When thinking about protecting a family’s wealth, it is in no way cynical to concede that divorce rates are very high globally, and increasing year […]
Wanting to protect and preserve family wealth, which may well have been built up over a lifetime, is a natural human reaction.
The desire to keep that wealth within the family will remain despite recent – largely ill-informed – public criticism, particularly from politicians, of perfectly legitimate legal steps to avoid, rather than evade, the payment of unnecessary tax.
This desire becomes more complicated where, for example, parents are keen to ensure that in the event of a marriage, their child’s partner will not benefit personally from that wealth in the event that the relationship does not succeed and there is a divorce. This is not just a concern for the wealthy, but is relevant to all families no matter how well off they may be.
There are steps which can be taken, but – as this article will explain – none will be 100% watertight. However, they are still extremely worthwhile because they will afford some protection and a level of “damage limitation”.
Wealth protection, in these circumstances, can deal with two completely different set of circumstances.
The first is where parents have already given money to their son or daughter who is about to marry. The second is where parents have made wills and set up trusts from which their son or daughter may benefit in years to come.
In the first of those scenarios the principal means available is for the couple to be encouraged to enter into a pre-marriage or pre-nuptial agreement. Pre-nuptial agreements have had and still have a rather odd standing in English law. In the twentieth century they were held to be void altogether, on the basis that such agreements might encourage separation or divorce. Even now under English law, no agreement can ever take away the ability of a court to consider an agreement entered in to by a couple, whether before they marry or afterwards.
However, more recently judges have begun to pay a lot more attention to pre-nuptial agreements.
Firstly this is because pre-nuptial agreements are much more commonplace than they were and judges in this country regularly have to deal with cases where the marriage took place in a country where pre-nuptial agreements are perfectly commonplace and where the couple have lived in England and are divorcing here.
Secondly, judges have begun to realise that couples should have a degree of self-determination. In other words, if a couple enter into a pre-nuptial agreement, freely and without pressure, with full knowledge of each other’s financial circumstances and each having had the benefit of independent legal advice, on what basis should a court interfere?
Broadly, if these basic requirements have been met, a court will hold a couple to the bargain which they have made – unless to do so would subject one or other unfairness financially or cause financial difficulties for their children.
In February 2014 the Law Commission, an independent body which advises governments on law reform, put forward detailed proposals which would give pre-nuptial agreements a much clearer status in English law. The Commission went on to set out the circumstances in which courts should uphold those agreements. The recommendations took a long time to put together, but they do little to fundamentally change the law as it is now.
Nonetheless, over 12 months later, there has been no sign from the present Government of any desire to legislate and we will now have to wait until after the General Election later this year to see whether the Law Commission will be listened to.
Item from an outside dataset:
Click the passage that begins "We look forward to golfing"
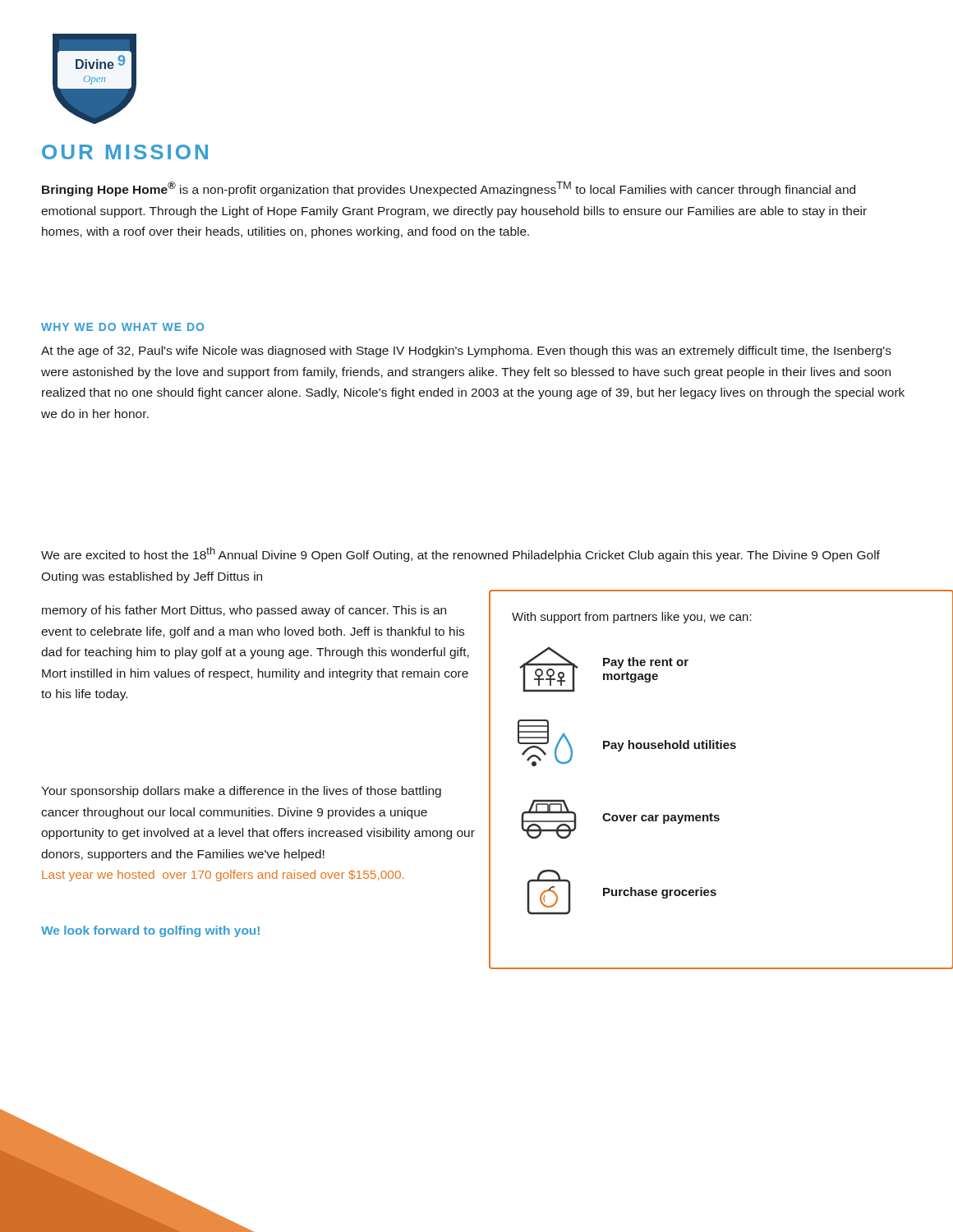(151, 930)

This is not the first time this issue has arisen and history suggests that we may have to wait a very long time for anything to change.
Even if the Law Commission’s recommendations are accepted in full, a Court will still have the ability to alter the provisions of a pre-nuptial agreement if it thinks that the “financial need” of one party or another, or that of their children, dictates that the agreement, or parts of it, no longer meet the overriding requirement of “fairness” which lies at the foundation of divorce law in this country. The Commission concluded that couples “should not be able to make contractually enforceable arrangements that deal irrevocably with their future needs for housing, childcare, an income or any other aspect of financial needs”
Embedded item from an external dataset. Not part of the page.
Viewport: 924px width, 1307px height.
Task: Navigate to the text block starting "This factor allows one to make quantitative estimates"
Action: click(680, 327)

Having said that, what is absolutely clear is that pre-nuptial agreements will be a significant factor which may well lead a judge to awarding less than otherwise he or she might have done to one party or another. In short, they may be “a shield and not a sword”.
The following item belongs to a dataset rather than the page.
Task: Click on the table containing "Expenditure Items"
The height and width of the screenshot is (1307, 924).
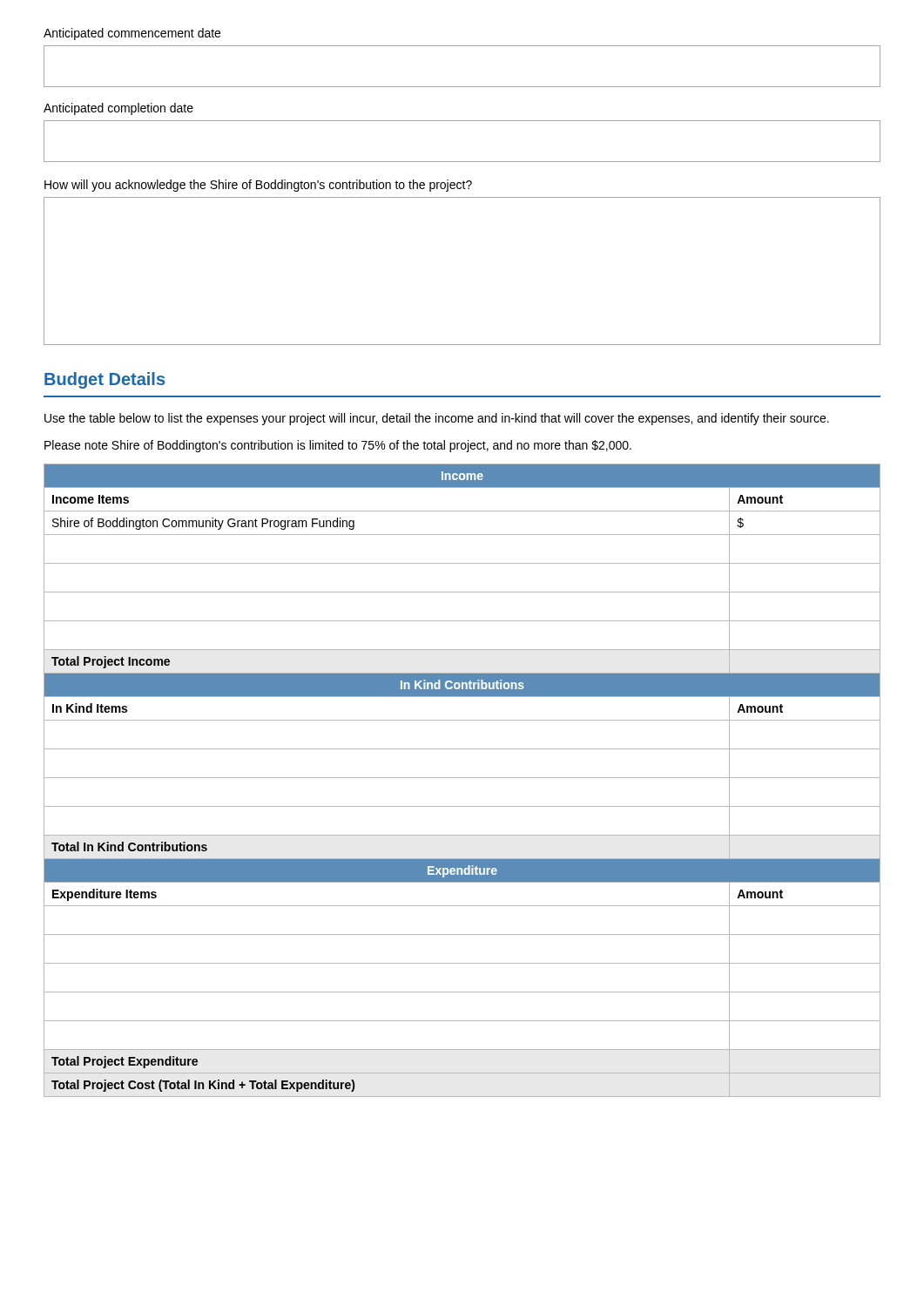Action: (462, 780)

Therefore, while pre-nuptial agreements cannot offer a cast-iron guarantee that wealth built up on one side of a family will not be taken into account, at the very least they will minimise the risks and extent to which there is any interference.
In the second scenario, where parents have left their estates to their children and may have put in place other measures of wealth protection, they are always able to alter their wills at any time and may be able to alter any trust arrangements which they have set up, although in the latter case this is likely to be more difficult.
A completely different situation arises where a couple do not marry but live together. If a relationship breaks down in those circumstances there is much less cause to be concerned. The reason is because upon the breakdown of a relationship between a couple who is not married, neither will normally have a claim on property given to the other by their parents.
This potentially leaves us in a bizarre situation where parents may feel more secure that assets which they have worked hard to build up will be better protected if their child does not marry but just lives with their partner.